*Directions for this task*: Both the line containing "text Artikel 6" and the line containing "list Een onderbouwd" belong to the span. Output exactly that span from the listing below, and nothing outside it.

*Task inputs*:
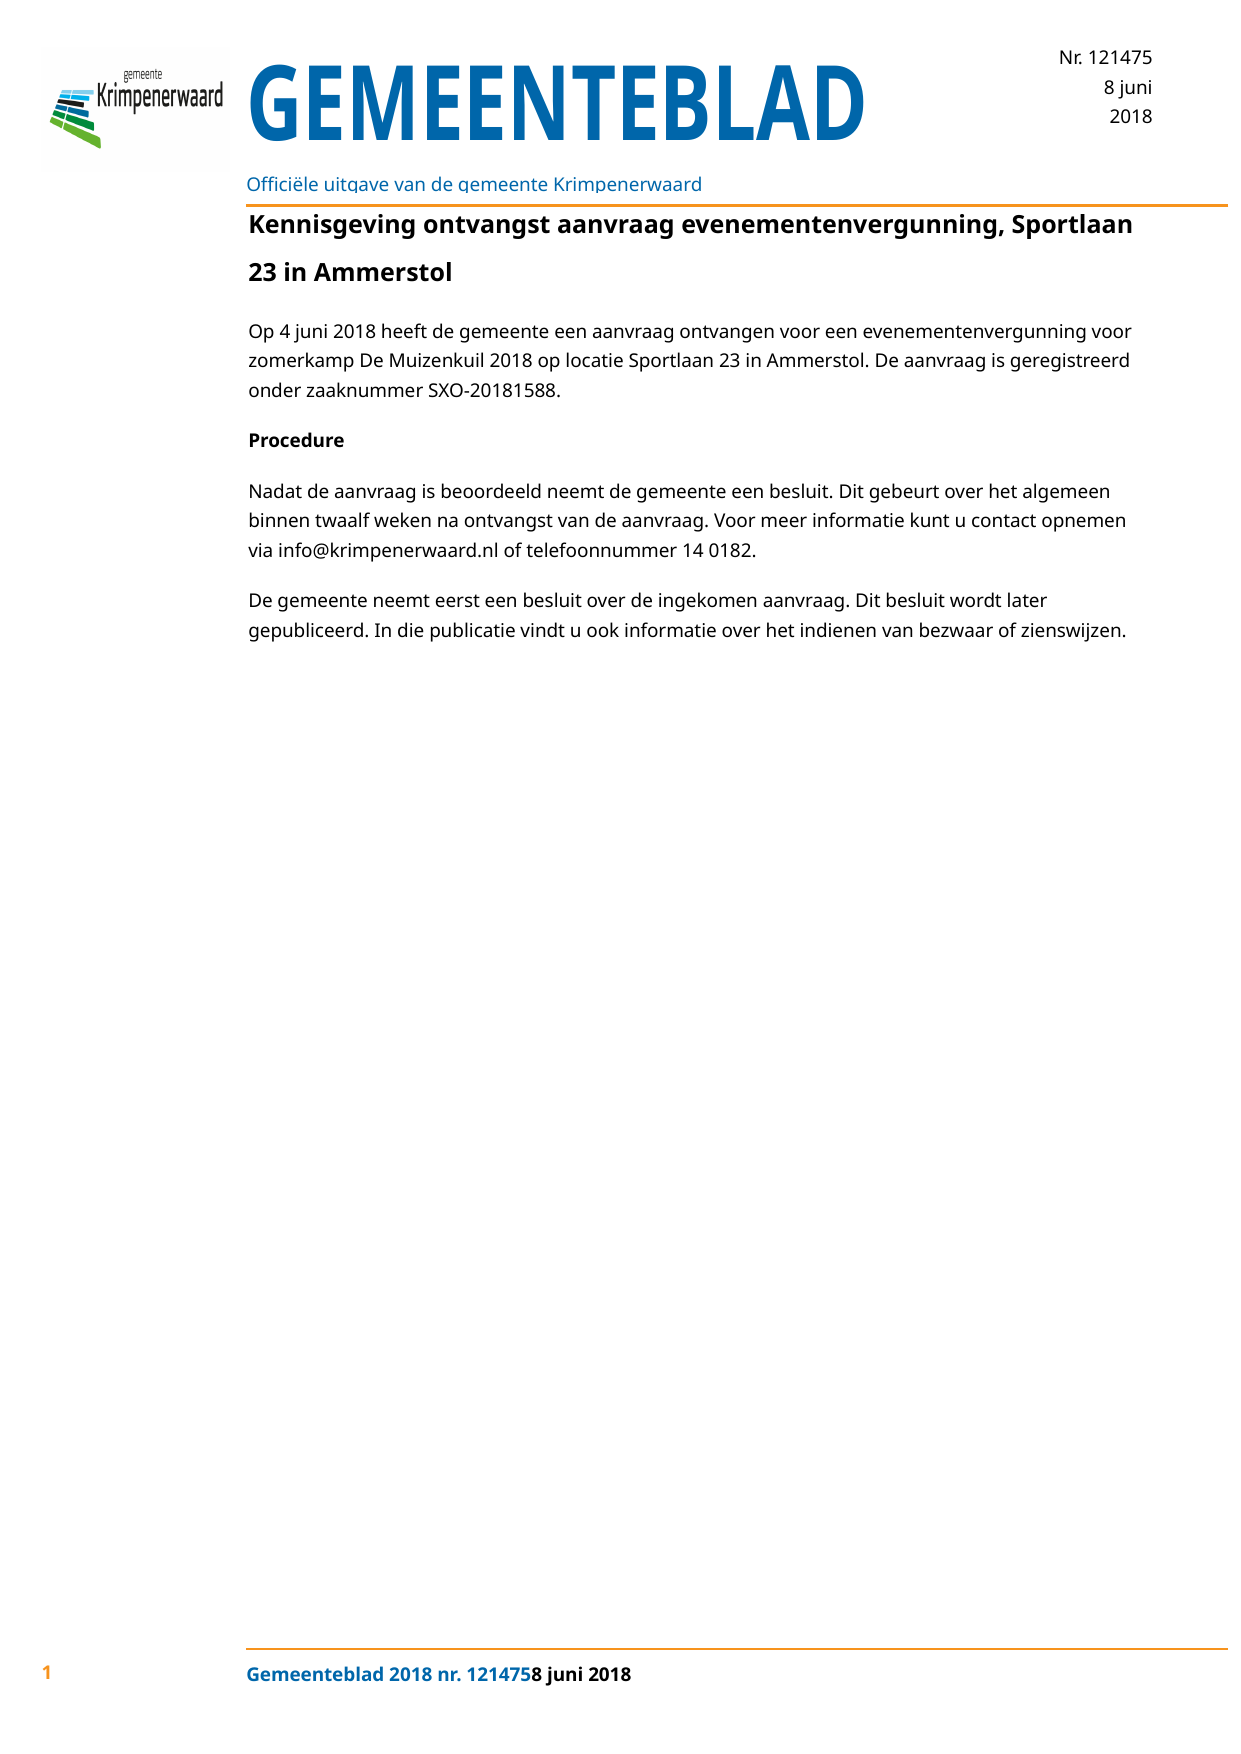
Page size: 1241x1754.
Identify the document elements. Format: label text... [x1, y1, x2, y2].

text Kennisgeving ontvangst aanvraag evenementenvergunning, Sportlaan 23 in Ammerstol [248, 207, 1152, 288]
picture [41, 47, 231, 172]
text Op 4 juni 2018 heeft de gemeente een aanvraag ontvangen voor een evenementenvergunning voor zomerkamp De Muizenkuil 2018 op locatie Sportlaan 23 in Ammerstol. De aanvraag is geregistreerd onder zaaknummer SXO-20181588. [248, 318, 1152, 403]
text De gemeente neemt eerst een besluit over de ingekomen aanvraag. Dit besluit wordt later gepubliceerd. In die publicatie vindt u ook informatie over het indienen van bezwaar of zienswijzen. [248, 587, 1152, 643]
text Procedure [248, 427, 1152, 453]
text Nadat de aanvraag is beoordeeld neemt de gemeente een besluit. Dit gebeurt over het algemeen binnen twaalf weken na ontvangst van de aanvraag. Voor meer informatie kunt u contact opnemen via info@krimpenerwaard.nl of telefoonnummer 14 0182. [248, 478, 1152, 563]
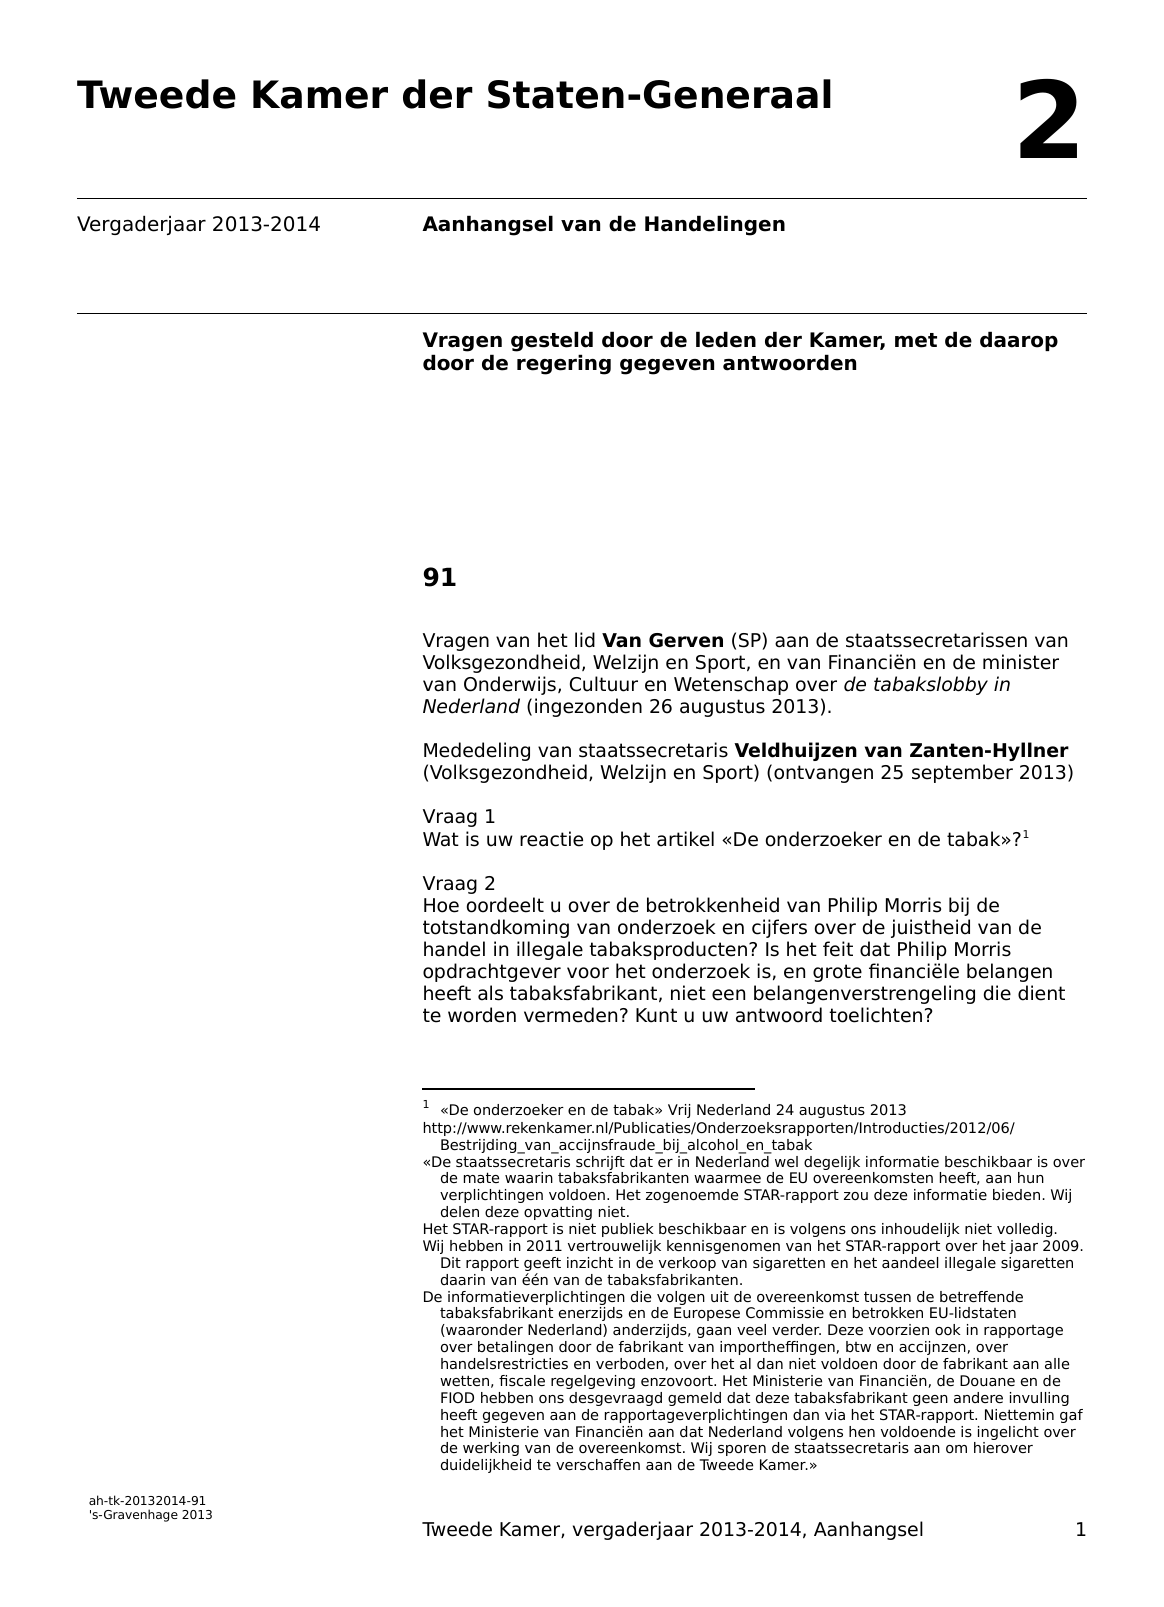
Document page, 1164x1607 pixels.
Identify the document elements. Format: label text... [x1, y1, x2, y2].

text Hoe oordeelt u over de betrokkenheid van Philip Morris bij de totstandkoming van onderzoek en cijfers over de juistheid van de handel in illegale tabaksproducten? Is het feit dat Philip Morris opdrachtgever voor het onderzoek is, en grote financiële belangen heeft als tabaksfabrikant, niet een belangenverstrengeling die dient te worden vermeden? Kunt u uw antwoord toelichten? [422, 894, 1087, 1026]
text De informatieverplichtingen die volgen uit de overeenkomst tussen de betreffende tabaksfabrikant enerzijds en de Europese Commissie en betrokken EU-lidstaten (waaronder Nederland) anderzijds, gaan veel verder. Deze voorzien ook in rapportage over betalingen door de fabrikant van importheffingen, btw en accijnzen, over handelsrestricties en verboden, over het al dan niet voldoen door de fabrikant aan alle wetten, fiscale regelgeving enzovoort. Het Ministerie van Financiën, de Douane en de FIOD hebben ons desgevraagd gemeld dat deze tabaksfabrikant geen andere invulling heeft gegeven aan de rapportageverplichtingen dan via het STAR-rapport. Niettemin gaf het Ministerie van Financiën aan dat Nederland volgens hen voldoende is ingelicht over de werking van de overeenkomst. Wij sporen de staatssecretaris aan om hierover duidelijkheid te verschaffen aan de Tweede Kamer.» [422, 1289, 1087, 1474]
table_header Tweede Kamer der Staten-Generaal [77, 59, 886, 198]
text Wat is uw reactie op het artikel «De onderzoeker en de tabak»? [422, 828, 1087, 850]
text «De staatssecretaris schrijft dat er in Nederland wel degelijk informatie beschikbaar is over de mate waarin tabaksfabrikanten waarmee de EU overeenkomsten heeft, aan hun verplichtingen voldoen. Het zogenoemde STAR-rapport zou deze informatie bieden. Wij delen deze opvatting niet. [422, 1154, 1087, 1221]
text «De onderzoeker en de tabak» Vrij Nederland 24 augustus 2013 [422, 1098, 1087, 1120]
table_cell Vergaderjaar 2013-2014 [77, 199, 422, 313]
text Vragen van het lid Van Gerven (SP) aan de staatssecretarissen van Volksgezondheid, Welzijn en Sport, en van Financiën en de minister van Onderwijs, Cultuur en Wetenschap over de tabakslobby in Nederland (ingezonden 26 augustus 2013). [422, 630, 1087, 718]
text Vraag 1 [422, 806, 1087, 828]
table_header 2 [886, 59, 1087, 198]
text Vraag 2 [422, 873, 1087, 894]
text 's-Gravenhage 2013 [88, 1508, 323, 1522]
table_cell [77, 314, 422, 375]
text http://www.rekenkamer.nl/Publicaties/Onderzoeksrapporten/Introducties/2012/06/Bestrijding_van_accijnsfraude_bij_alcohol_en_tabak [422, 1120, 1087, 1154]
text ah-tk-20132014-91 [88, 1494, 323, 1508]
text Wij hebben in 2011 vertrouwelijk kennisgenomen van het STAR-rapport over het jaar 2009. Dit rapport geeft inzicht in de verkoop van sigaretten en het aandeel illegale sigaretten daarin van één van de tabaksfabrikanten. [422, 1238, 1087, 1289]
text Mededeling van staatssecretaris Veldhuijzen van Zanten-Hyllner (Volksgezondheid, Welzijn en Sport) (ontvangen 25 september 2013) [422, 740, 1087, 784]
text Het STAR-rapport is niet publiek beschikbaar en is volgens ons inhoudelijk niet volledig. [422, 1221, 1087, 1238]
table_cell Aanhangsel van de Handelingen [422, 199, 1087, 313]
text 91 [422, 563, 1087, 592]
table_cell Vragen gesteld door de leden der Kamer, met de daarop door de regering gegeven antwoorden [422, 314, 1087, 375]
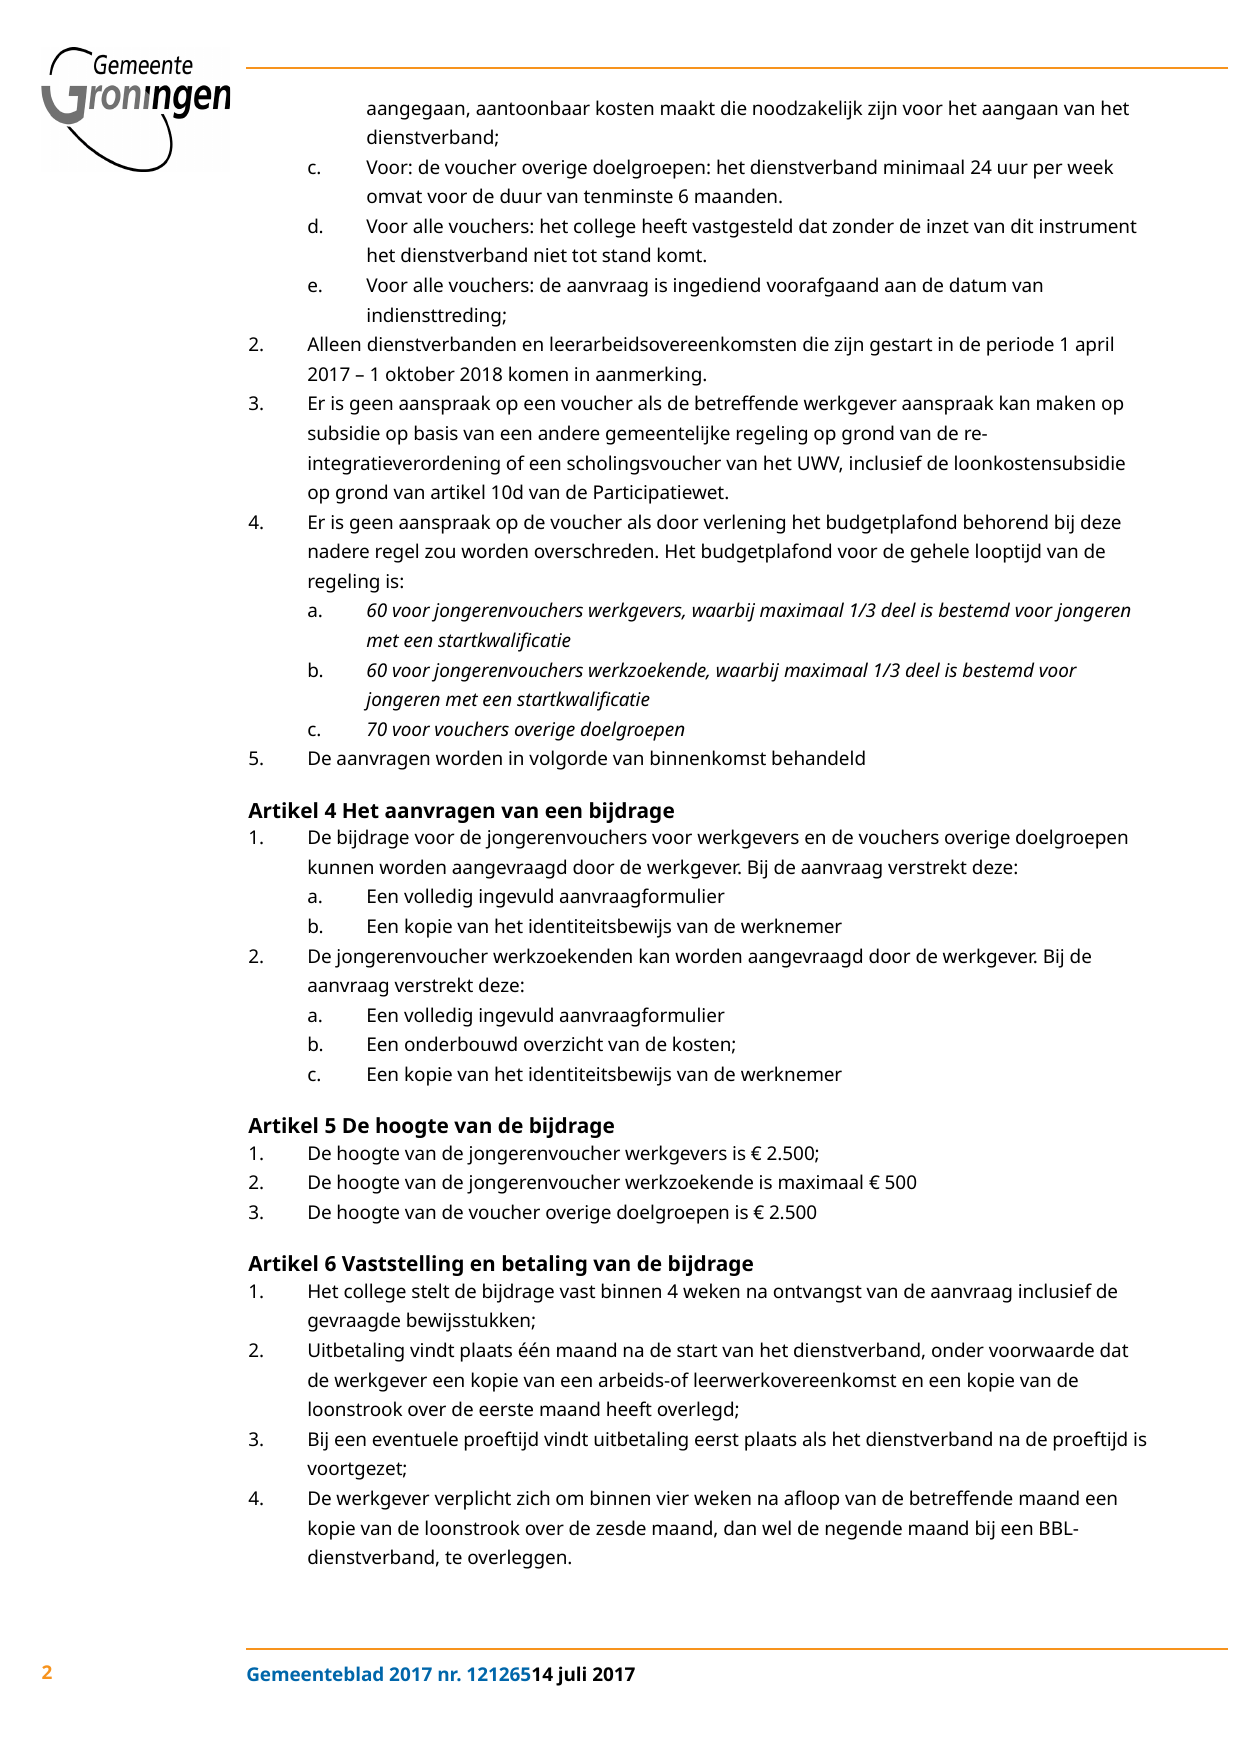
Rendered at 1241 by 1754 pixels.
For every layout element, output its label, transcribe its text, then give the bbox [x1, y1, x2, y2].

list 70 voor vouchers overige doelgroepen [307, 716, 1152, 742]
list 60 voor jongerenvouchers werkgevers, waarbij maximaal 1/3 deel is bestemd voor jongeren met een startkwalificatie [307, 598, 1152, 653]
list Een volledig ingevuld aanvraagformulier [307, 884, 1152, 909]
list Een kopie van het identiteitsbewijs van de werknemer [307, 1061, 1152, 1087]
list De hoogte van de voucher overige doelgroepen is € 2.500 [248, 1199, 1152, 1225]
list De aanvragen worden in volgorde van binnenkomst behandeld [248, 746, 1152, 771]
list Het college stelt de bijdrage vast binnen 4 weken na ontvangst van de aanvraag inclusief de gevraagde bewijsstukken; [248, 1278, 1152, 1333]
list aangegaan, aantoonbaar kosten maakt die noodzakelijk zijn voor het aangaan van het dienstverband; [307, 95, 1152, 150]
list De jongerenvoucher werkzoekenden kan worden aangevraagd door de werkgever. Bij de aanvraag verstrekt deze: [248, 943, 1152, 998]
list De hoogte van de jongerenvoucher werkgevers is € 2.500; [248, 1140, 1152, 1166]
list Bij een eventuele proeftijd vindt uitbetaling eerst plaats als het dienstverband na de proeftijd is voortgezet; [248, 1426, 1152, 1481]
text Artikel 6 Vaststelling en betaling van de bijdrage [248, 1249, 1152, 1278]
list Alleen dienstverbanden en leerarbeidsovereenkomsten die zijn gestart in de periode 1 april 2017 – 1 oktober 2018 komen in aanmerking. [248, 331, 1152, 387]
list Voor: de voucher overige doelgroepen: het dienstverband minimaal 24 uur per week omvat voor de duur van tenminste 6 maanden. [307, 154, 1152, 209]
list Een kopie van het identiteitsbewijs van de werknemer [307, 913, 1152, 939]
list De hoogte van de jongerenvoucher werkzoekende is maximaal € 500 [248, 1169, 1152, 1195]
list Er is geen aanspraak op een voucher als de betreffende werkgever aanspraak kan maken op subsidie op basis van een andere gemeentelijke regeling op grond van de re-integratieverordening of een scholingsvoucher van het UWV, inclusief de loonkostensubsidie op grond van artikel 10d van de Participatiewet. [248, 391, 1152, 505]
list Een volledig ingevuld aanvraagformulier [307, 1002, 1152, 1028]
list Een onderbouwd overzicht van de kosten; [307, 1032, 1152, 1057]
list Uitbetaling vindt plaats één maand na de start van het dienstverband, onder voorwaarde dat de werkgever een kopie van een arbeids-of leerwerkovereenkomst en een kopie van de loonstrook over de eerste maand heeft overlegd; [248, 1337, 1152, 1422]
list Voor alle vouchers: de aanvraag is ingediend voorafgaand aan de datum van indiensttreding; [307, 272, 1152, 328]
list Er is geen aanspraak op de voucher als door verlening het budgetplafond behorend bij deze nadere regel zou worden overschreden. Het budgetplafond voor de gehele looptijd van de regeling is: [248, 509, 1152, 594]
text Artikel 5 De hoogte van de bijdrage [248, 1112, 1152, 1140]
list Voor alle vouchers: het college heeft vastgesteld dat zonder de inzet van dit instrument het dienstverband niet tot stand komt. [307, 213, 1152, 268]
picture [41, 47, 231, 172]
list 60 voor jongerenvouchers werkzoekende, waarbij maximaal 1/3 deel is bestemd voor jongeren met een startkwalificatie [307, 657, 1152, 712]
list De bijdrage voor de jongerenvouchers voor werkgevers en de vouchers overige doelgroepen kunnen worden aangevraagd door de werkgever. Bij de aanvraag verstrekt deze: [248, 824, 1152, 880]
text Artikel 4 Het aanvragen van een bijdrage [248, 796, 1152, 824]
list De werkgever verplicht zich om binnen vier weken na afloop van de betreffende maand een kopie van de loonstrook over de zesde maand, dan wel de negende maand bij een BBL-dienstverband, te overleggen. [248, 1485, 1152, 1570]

*Final answer*:
text Artikel 6 Vaststelling en betaling van de bijdrage [248, 1249, 1152, 1278]
list Alleen dienstverbanden en leerarbeidsovereenkomsten die zijn gestart in de periode 1 april 2017 – 1 oktober 2018 komen in aanmerking. [248, 331, 1152, 387]
list Voor: de voucher overige doelgroepen: het dienstverband minimaal 24 uur per week omvat voor de duur van tenminste 6 maanden. [307, 154, 1152, 209]
list Een kopie van het identiteitsbewijs van de werknemer [307, 913, 1152, 939]
list De hoogte van de jongerenvoucher werkzoekende is maximaal € 500 [248, 1169, 1152, 1195]
list Er is geen aanspraak op een voucher als de betreffende werkgever aanspraak kan maken op subsidie op basis van een andere gemeentelijke regeling op grond van de re-integratieverordening of een scholingsvoucher van het UWV, inclusief de loonkostensubsidie op grond van artikel 10d van de Participatiewet. [248, 391, 1152, 505]
list Een volledig ingevuld aanvraagformulier [307, 1002, 1152, 1028]
list Een onderbouwd overzicht van de kosten; [307, 1032, 1152, 1057]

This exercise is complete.